Этим бандитам эс-эры старались пришпилить свой ярлык и обратить их в свою армию!

Дезорганизация в белых войсковых частях дошла до такой степени, что они даже не защищали свои собственные повозки.

Обнаглев, зеленые повели наступление на станцию, где стоял со своим штабом ген. Гусельщиков и куда только-что подошел сидоринский поезд, охраняемый ротой юнкеров и двумя бронепоездами: «Мстислав Удалой» и «Иоанн Калита».

Орудия Канэ, — солдаты их звали «коневые орудия», — напугали нападавших. Конвойная сотня Гуселыцикова догнала банду хищников, кого порубила, кого забрала в плен. «Стопобедный генерал» приказал тут же перестрелять всех пленников.

Этот абинский бой продолжался часа два.
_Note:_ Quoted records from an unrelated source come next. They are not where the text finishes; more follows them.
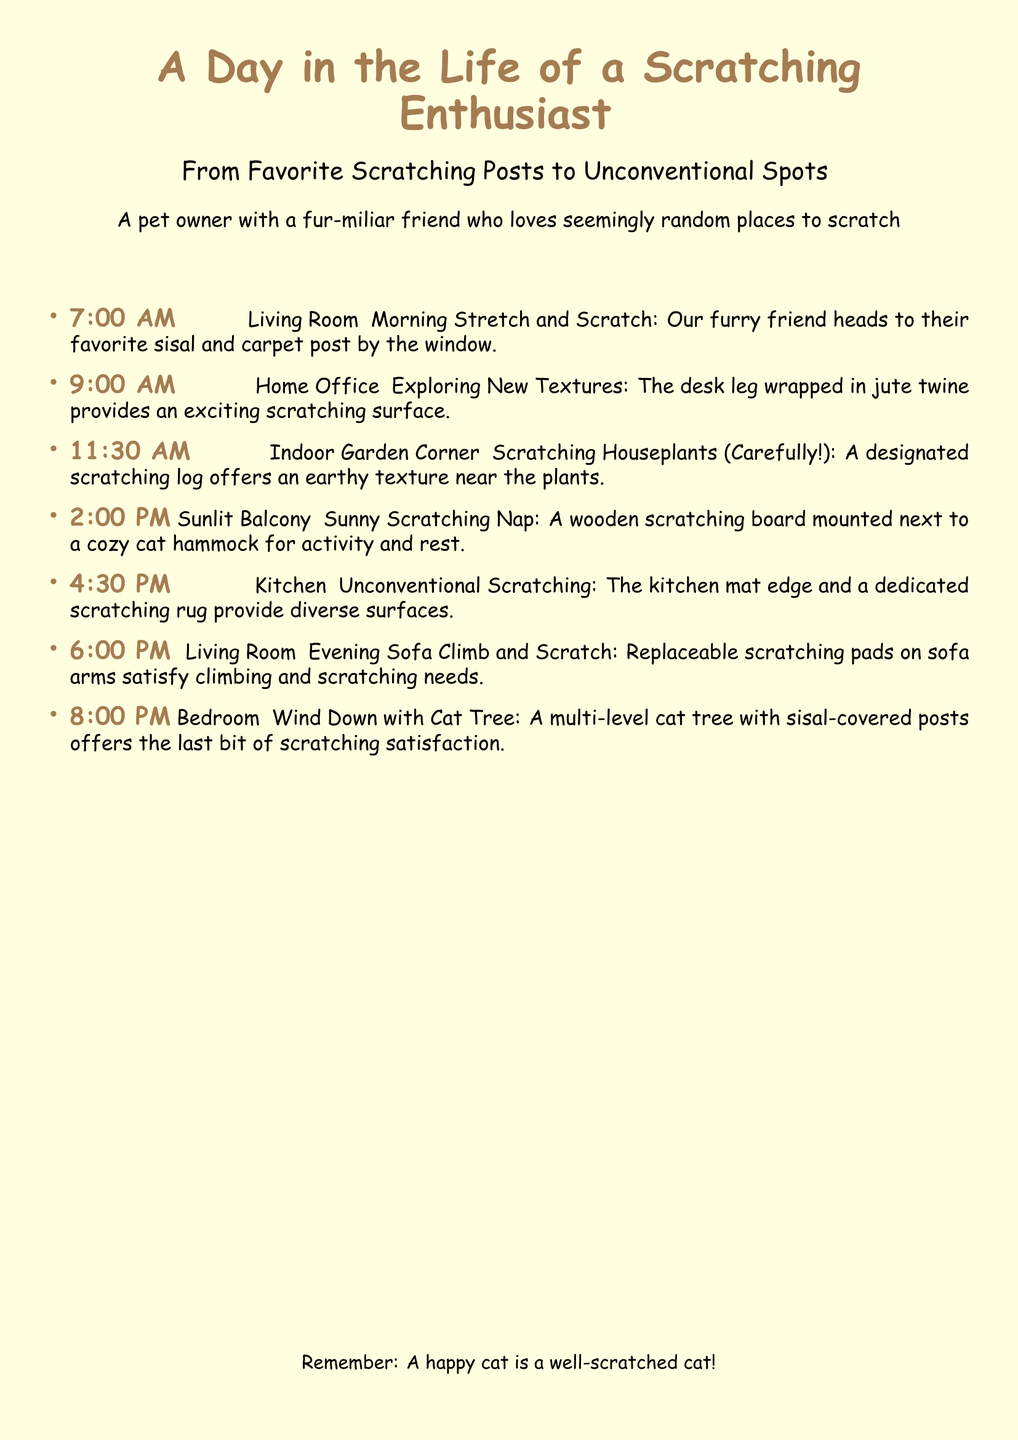What time does the day start? The day starts at 7:00 AM, as indicated by the first time entry in the itinerary.
Answer: 7:00 AM Where does the cat scratch at 9:00 AM? The cat scratches at the home office, specifically on the desk leg wrapped in jute twine.
Answer: Home Office What is the last scratching location mentioned? The last scratching location mentioned is the bedroom with the cat tree.
Answer: Bedroom How many unconventional scratching spots are listed? There are two unconventional scratching spots listed: the kitchen mat edge and the dedicated scratching rug.
Answer: Two What type of scratching post is mentioned for the early morning? The early morning scratching post is described as a sisal and carpet post.
Answer: Sisal and carpet post At what time does the cat have a sunny scratching nap? The cat has a sunny scratching nap at 2:00 PM.
Answer: 2:00 PM What texture does the scratching log provide? The scratching log provides an earthy texture.
Answer: Earthy texture What is the purpose of the replaceable scratching pads? The replaceable scratching pads satisfy climbing and scratching needs on the sofa arms.
Answer: Climbing and scratching needs 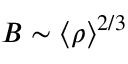Convert formula to latex. <formula><loc_0><loc_0><loc_500><loc_500>B \sim \langle \rho \rangle ^ { 2 / 3 }</formula> 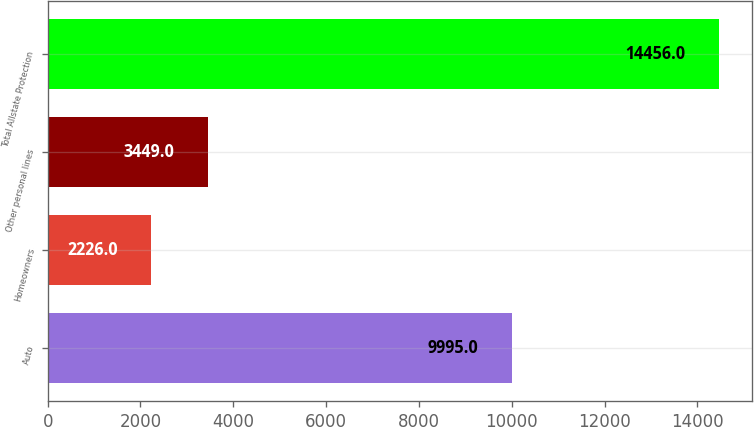<chart> <loc_0><loc_0><loc_500><loc_500><bar_chart><fcel>Auto<fcel>Homeowners<fcel>Other personal lines<fcel>Total Allstate Protection<nl><fcel>9995<fcel>2226<fcel>3449<fcel>14456<nl></chart> 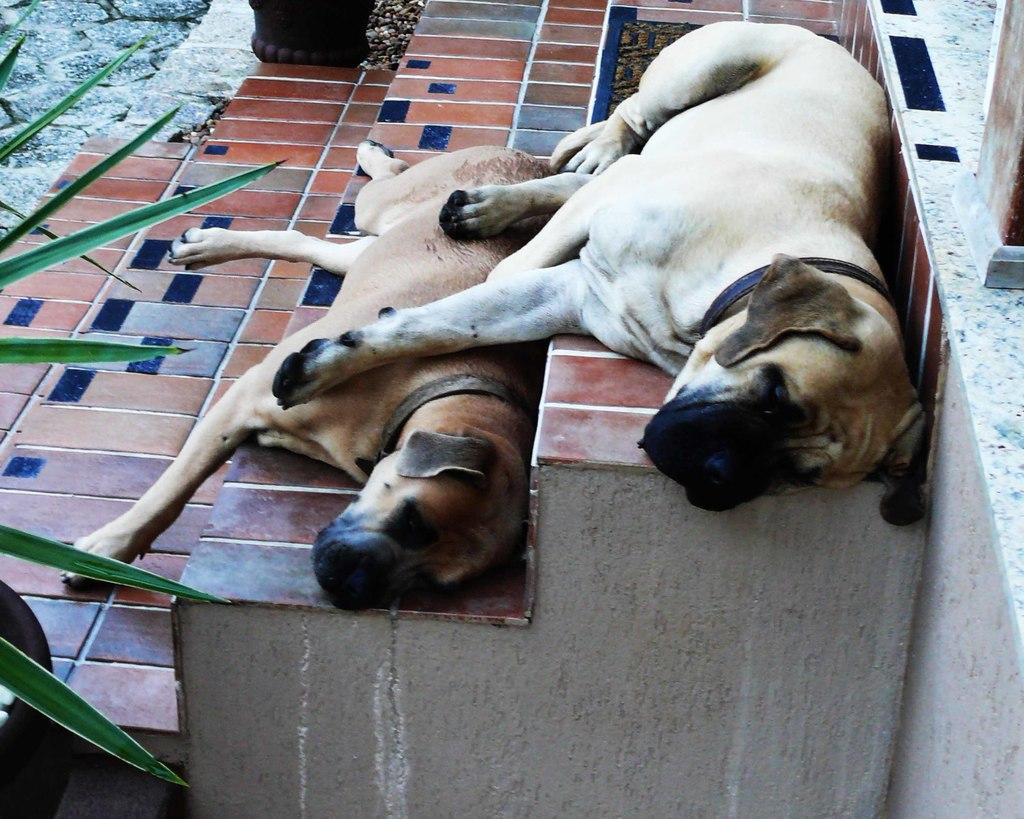What animals are lying on the steps in the image? There are dogs lying on the steps in the image. What type of vegetation can be seen in the image? Leaves are present in the image. What objects are visible in the image that might be used for holding plants? There are pots in the image. What type of structure is visible in the background of the image? There is a wall in the image. What type of trade is happening in the image? There is no trade happening in the image; it features dogs lying on steps, leaves, pots, and a wall. What type of yam can be seen growing near the wall in the image? There is no yam present in the image; it features dogs lying on steps, leaves, pots, and a wall.

Я ожидал исхода его возле самой станицы, в цепи обозов, которые не могли пройти вперед из-за сражения.

Наконец все кончилось.

Я въехал в Абинскую.

Возле одной хаты, где хохлушка угостила меня куском хлеба, стояла двуколка, заваленная бумагами.

— Охвицери були… Як зашумели гармати, втикли на бричках. А це бросыли. Це, кажуть, барахло, не треба нам.

Я поинтересовался бумагами.

— Денежная приходо-расходная книга 34-го Донского Екатерининского полка! — гласил верхний фолиант.

— Без слов все понятно, — подумал я, — рапортами донесут, что зеленые отбили и деньги, и отчетность.

В Крымской, громадной станице в сорока пяти верстах от Новороссийска, царила невообразимая паника.

— Красные обходят дорогу с запада. Добровольцы бросили фронт и ушли грузиться в Новороссийск.

Лавина по инерции покатилась туда же. Ах, удастся ли пробиться?